In this HackerEarth Sum of sum of digits problem solution Monk likes math problems very much. His math teacher taught him about sum of digits of a number. He decided to experiment a little with them.
Given a number, he recursively finds the sum of its digits till it becomes a single digit number.

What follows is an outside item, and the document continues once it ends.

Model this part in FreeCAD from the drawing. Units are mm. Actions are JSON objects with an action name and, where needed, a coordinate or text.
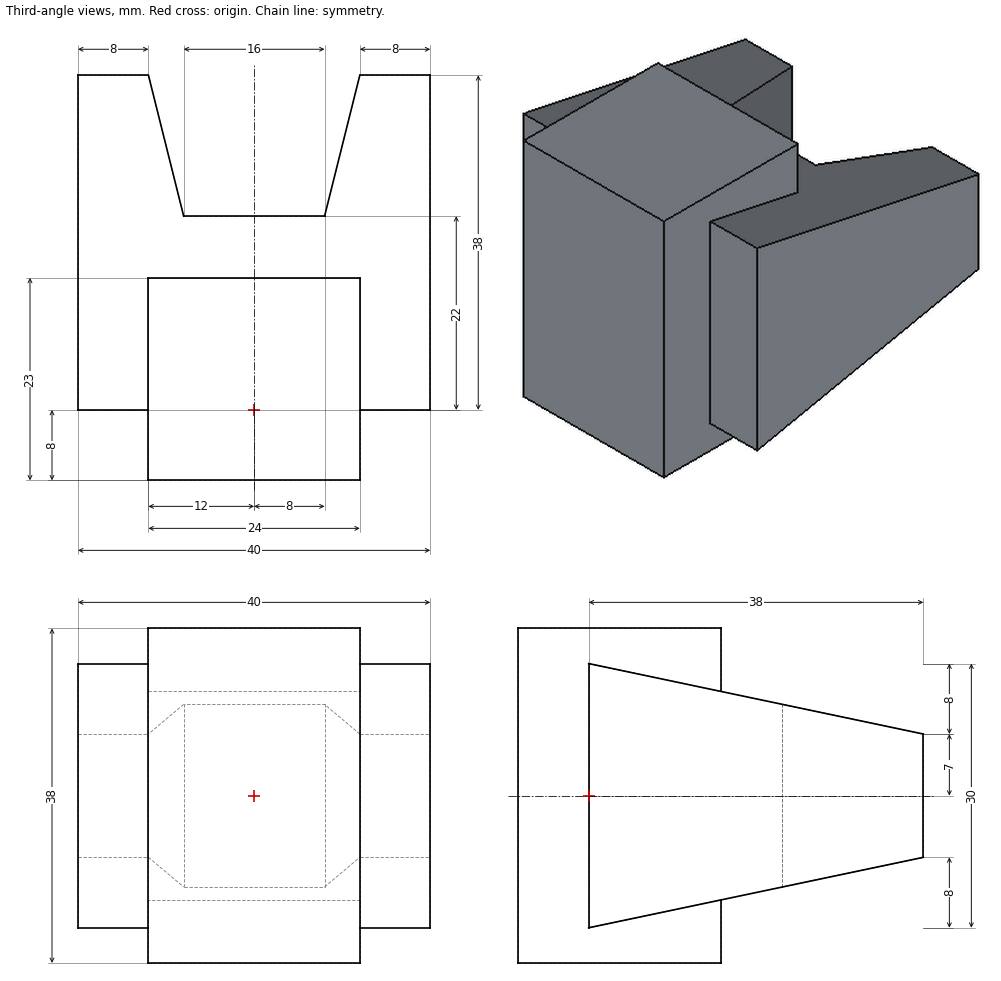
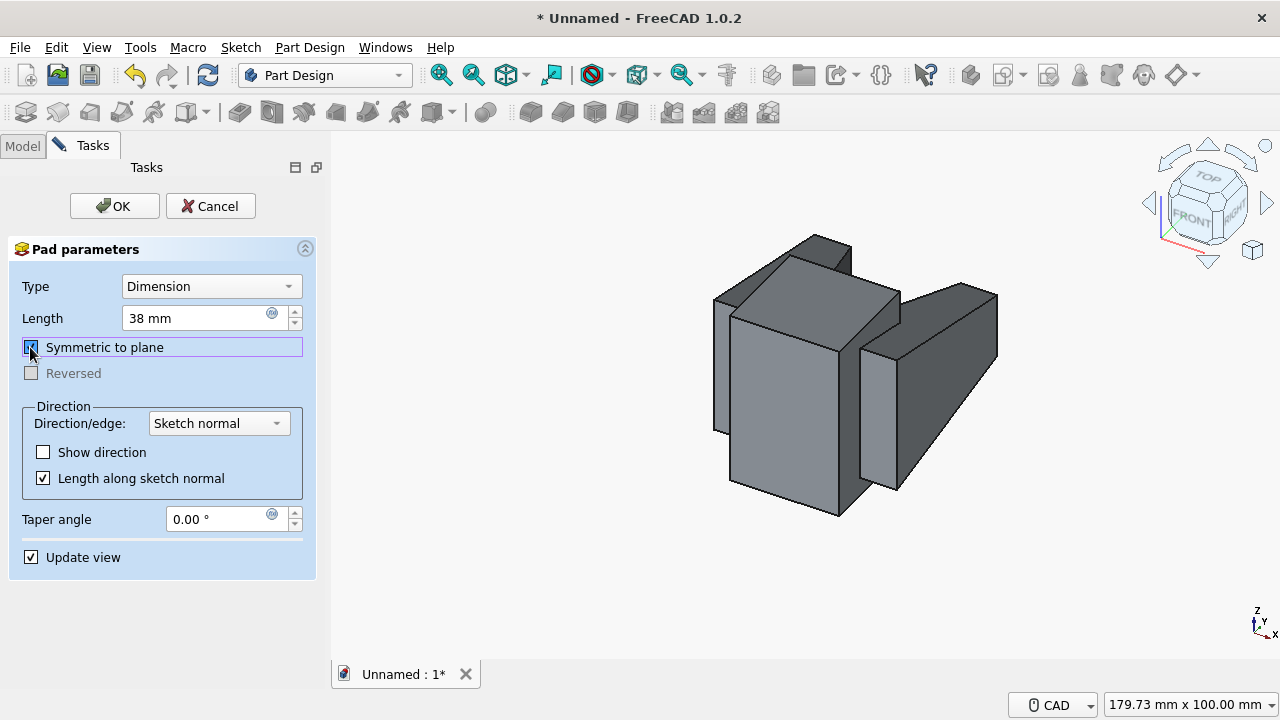
{"action": "left_click", "coordinate": [115, 206]}

He calls this as Digit-Value of a number "
It can be written as :
sumOfDigits(n):
if n is a single digit number:
return n
else:
x = sum of the digits of n
return sumOfDigits(x)
After seeing his interest in this concept, his teacher gave him an interesting problem, that uses the above function defined by him. She gave him an array A of N different numbers. Then she asks him Q queries. In each query, he has to form a set of K numbers from the array and find the sum of Digit-Values of those K numbers. This sum is called the value of that set.

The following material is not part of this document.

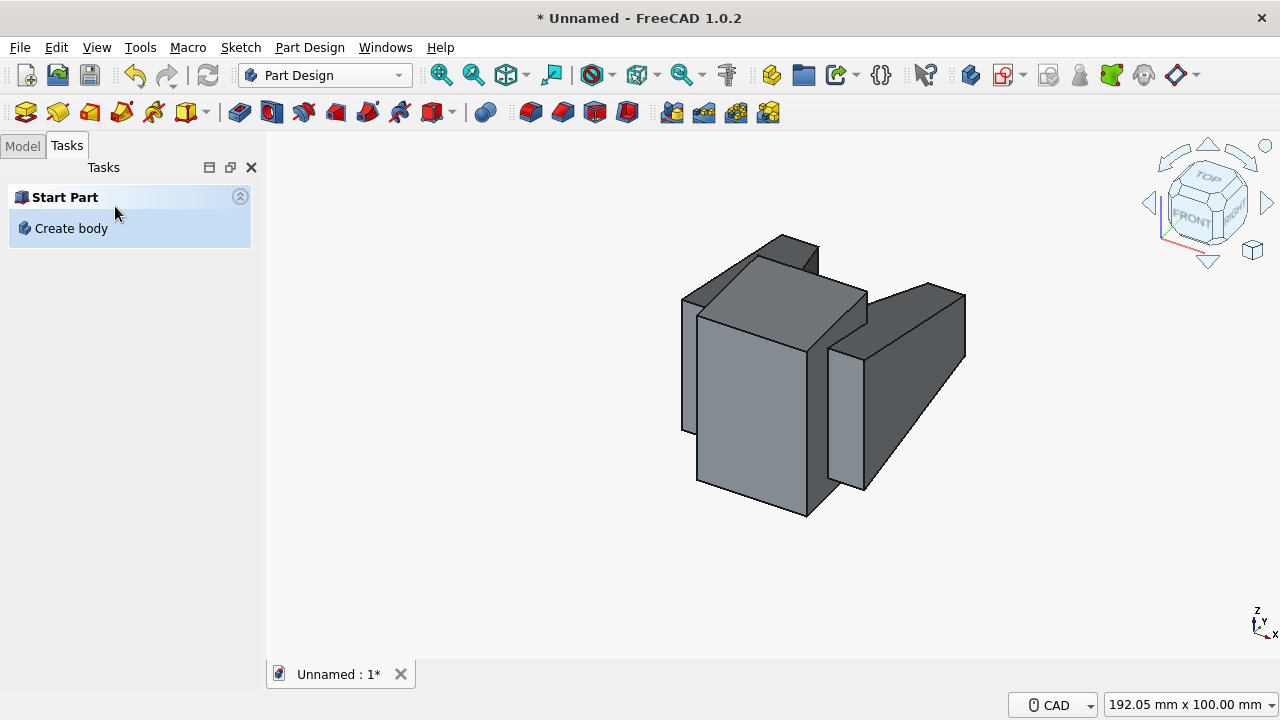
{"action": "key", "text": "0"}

The queries are of the following type :
1 K : Monk must output the maximum value of a set of size K, that can be obtained, as described above.
2 K : Monk must output the minimum value of a set of size K, that can be obtained, as described above.
Monk needs your help to complete this task.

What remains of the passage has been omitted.